By Kim Soo-yeon
SEOUL, Jan. 10 (Yonhap) -- Ken Eom, a 37-year-old North Korean defector, by chance read a military booklet about two decades ago in North Korea which dictates how to speak English when confronting soldiers from the United States, Pyongyang's main enemy.
The small book that he browsed through out of curiosity was full of short English sentences -- "Hands up!" and "What's your name? -– which could be used by North Korean servicemen in combat situations with the U.S.
"I came to know that some units of the North Korean military learn English expressions for combat use. Even in schools, English is being used as a tool to instill North Korea's ideology and anti-capitalism," said Eom, who defected to South Korea in 2010.
"But here in the South, I am learning it to better assimilate into the competition-heated society," he added.
Eom is among many North Korean defectors who are eager to study English in South Korea where getting higher scores on English tests helps people enter prestigious universities or land good jobs.

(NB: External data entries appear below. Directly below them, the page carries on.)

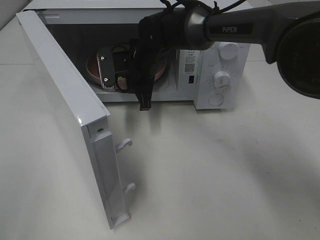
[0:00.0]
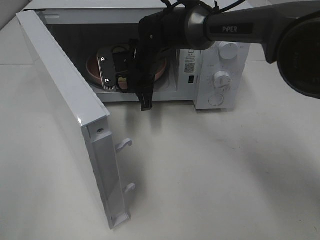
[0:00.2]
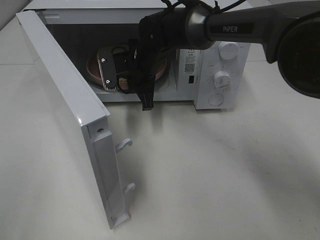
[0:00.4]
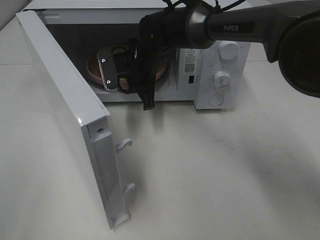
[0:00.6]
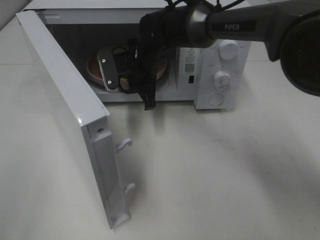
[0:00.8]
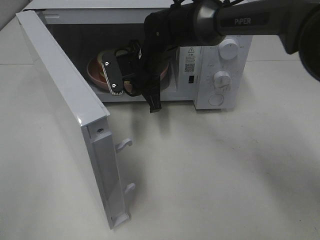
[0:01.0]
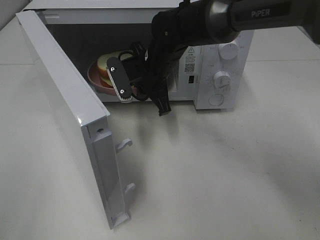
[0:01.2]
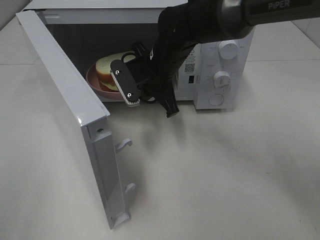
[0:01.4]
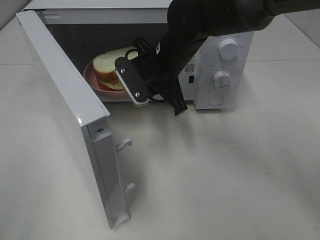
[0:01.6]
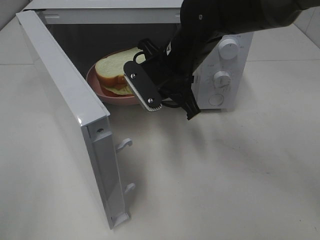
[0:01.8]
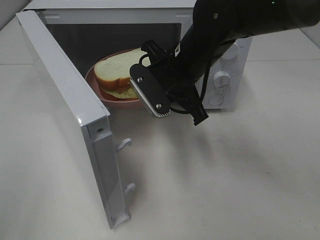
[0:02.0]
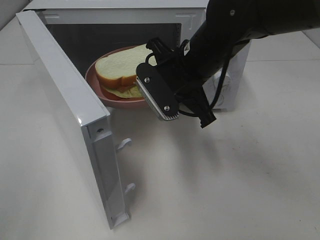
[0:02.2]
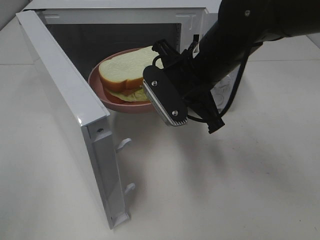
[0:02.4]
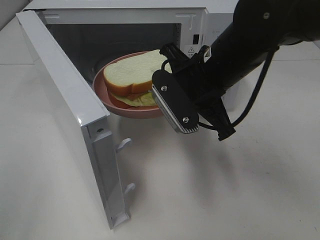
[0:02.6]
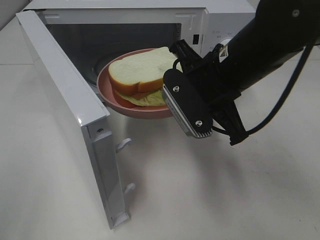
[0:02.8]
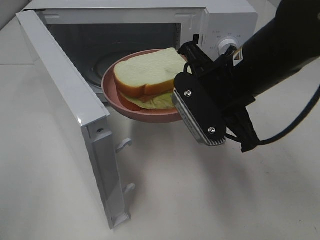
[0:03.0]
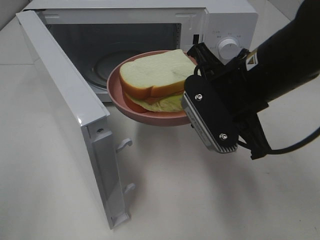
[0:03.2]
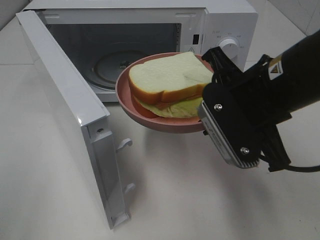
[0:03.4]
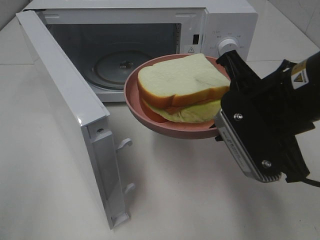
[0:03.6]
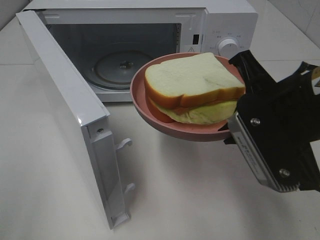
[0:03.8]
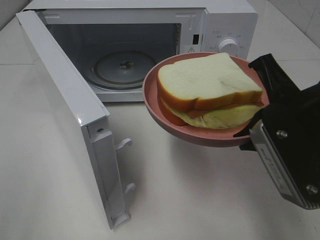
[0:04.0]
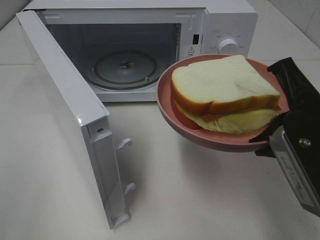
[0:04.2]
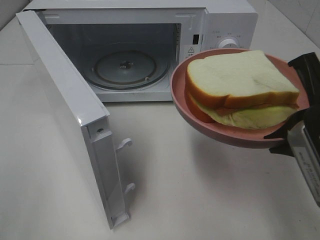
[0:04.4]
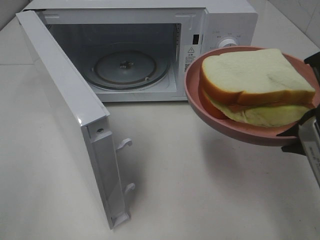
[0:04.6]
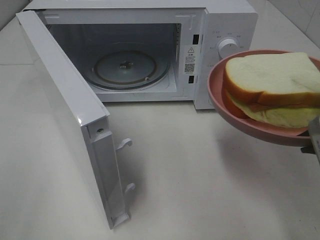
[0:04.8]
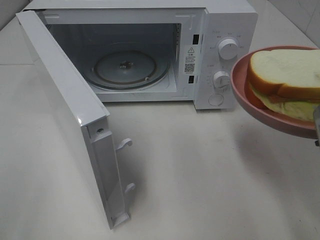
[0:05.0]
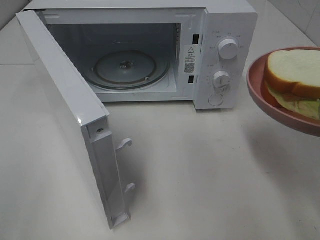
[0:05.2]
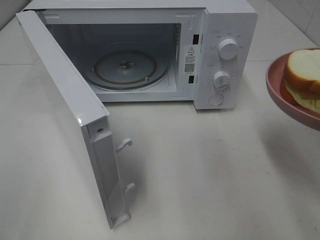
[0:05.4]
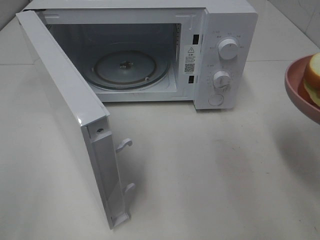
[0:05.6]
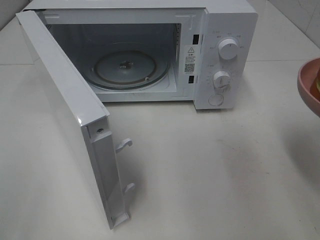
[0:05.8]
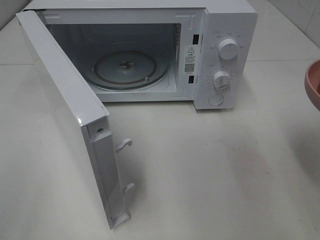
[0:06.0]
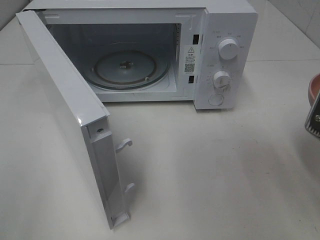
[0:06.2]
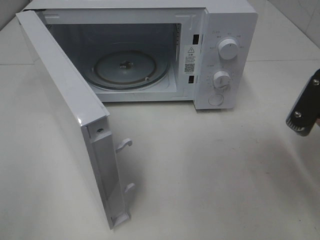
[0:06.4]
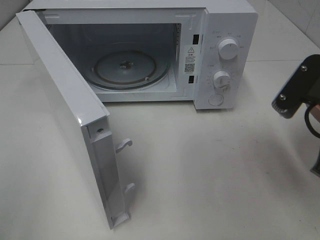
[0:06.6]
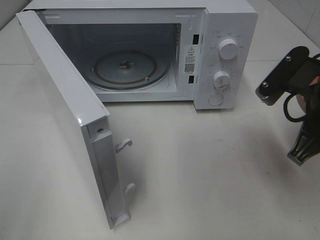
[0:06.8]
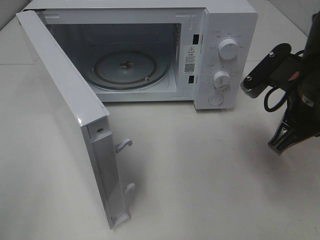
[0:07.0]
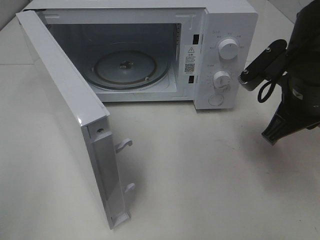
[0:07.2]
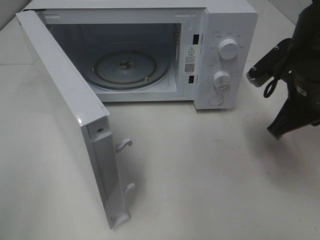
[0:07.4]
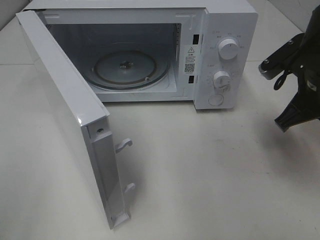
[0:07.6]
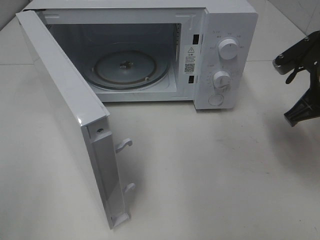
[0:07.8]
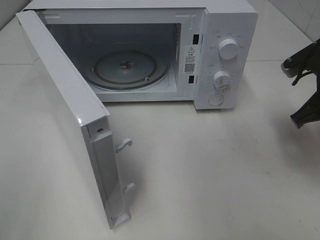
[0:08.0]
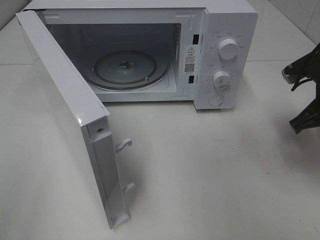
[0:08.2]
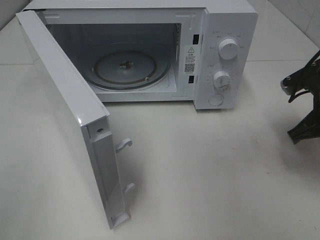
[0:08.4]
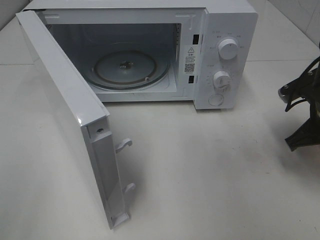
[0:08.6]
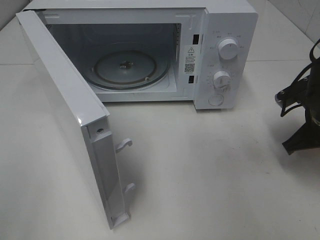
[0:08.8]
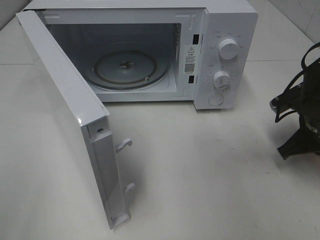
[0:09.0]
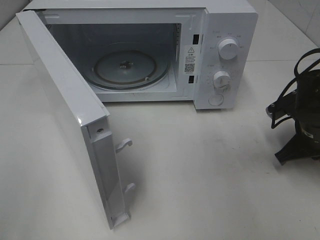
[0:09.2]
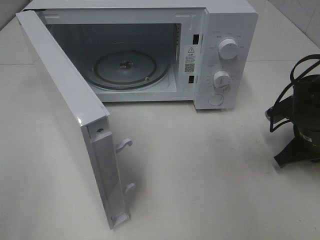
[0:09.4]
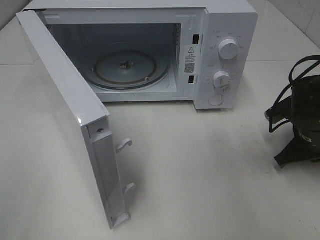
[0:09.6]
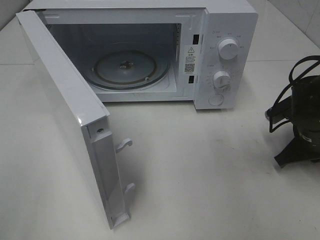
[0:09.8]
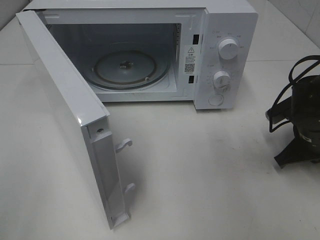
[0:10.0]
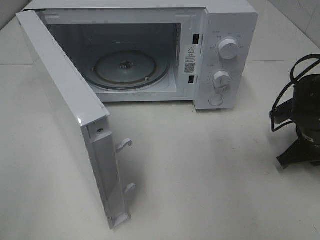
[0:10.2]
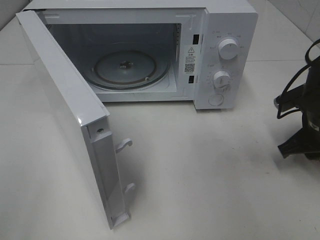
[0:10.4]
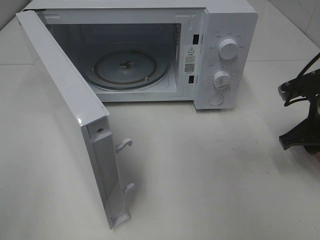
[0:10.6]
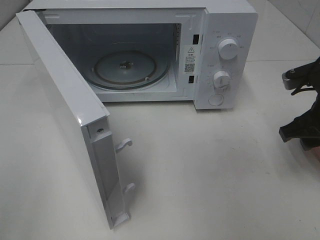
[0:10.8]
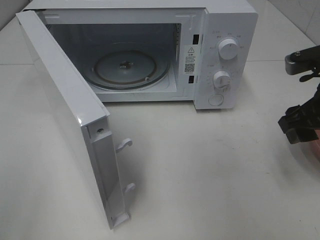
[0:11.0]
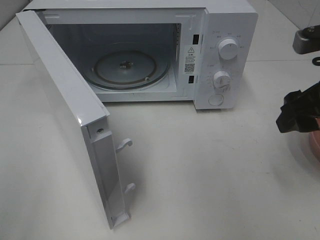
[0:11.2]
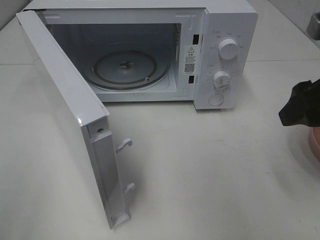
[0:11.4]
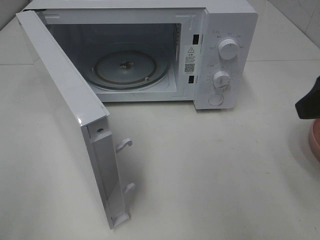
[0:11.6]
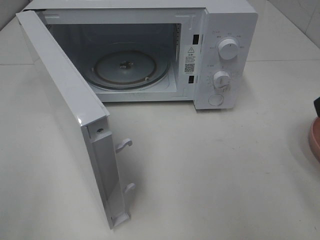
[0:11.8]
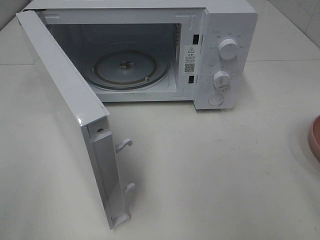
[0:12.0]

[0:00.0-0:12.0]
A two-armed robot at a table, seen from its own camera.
Task of the whole recording: Heat Sandwich.
Step, 0:00.0 to 0:11.0: Right hand: place the plate on the table.
0:00.0 to 0:01.6: The right gripper moves backward, approximately 5 cm.
0:01.6 to 0:03.0: The right gripper heads backward and to the right, covering roughly 15 cm.
0:03.0 to 0:04.4: The right gripper is displaced backward and to the right by roughly 15 cm.
0:06.0 to 0:07.6: The right gripper shifts some 15 cm forward and downward.
0:07.6 to 0:09.0: The right gripper is displaced downward by approximately 10 cm.
0:09.0 to 0:10.4: The right gripper opens its fingers.
0:10.4 to 0:12.0: The right gripper shifts roughly 25 cm upward and backward.

There is a free English program, named "Teach North Korean Refugees (TNKR)," which aims to help North Korean defectors such as Eom learn English in a tailored manner.
"This is not a program that we are going to say we will teach you this or that. This is a program where you (can) develop your interest and you identify what that is," said Casey Lartigue, co-founder of the Teach North Korean Refugees Global Education Center. "And you have tutors who are there to help you develop."
Lartigue, an American, said he began to think about how to better support defectors after seeing a hunger strike in 2012 by former lawmaker Park Sun-young who opposed China's forceful repatriation of North Korean refugees.
That year, he met with Lee Eun-koo, a former researcher at the Korean Educational Development Institute, at a conference on human rights.
After exchanging ideas on how to help defectors, they jointly launched the TNKR program in March 2013, which matches North Korean refugees with volunteer English tutors.
Around 30,000 North Koreans have come to South Korea in search of freedom, but many are struggling to adapt to the capitalist South. Learning English is cited as a nagging challenge for many defectors here.
More than 41 percent of 322 defectors picked communication problems stemming from frequent use of foreign languages as the biggest difficulty for social assimilation, according to a 2014 poll by Seoul's unification ministry.
South and North Korea speak the same Korean language, but the gap between their daily use of words has grown since they were divided about 70 years ago and there has been an influx of foreign languages into the South.
Lartigue said what sets TNKR apart from other English teaching programs for defectors lies in letting students have autonomy in deciding what to study and their own learning goals.
The program allows students to choose their own teachers and receive one-on-one tutoring which could best suit their learning purposes, he stressed.
About 250 North Korean defectors have so far learned English through the TNKR program with more than 490 volunteers having devoted their time to teaching, according to the center. Around 70 refugees are also on a waiting list to join.
Among the students was Park Yeon-mi, a 23-year-old North Korean defector who delivered an emotional speech about North Korea's appalling human rights abuses during the One Young World Summit held in Dublin in 2014.
Lartigue pointed out the example of defector Park Eun-hee, who first hesitated to even say her name but slowly began to open up and learn how to express herself through the program.
He said TNKR volunteers do not ask about their students' experiences in North Korea or their backgrounds and just focus on assisting them under the goal of "look forward, not back."
"She (Park) said she went through a transformation (because of TNKR). She is no longer embarrassed about (the fact) she is from North Korea," he said. "Somehow, she felt free to be just her own person."
For English-speaking tutors, they have a chance to better understand North Korean defectors and thereby lift their prejudices against refugees, Lartigue added.
A South Korean tutor, who only gave her surname Ha, said that she felt surprised how "exuberant" her defector students are, realizing that they are no different from South Koreans.
"I think I want to give them a friendly impression of South Korea. I'd like to let them know even though either North or South Korea can be a difficult place to live, there are always people who are willing to help others," she said.
North Korean defector Eom said he would like to improve his English proficiency to have a competitive edge in South Korea.
"Based on this, I want to help other defectors overcome difficulties due to social prejudice and English," he said. "If chances arise, I hope to contribute to the process to craft policy for refugees after finishing graduate school."
Lartigue expressed hope that more Koreans could have an interest in supporting North Korean defectors and make donations to the TNKR program to help provide more suitable environments for students.
"Come to us if you want to improve your English. This is a great opportunity for you to find own you way and to tell your own story.... We are really trying to make our program that they (defectors) are in charge and they can use it to the best of their benefit," he added.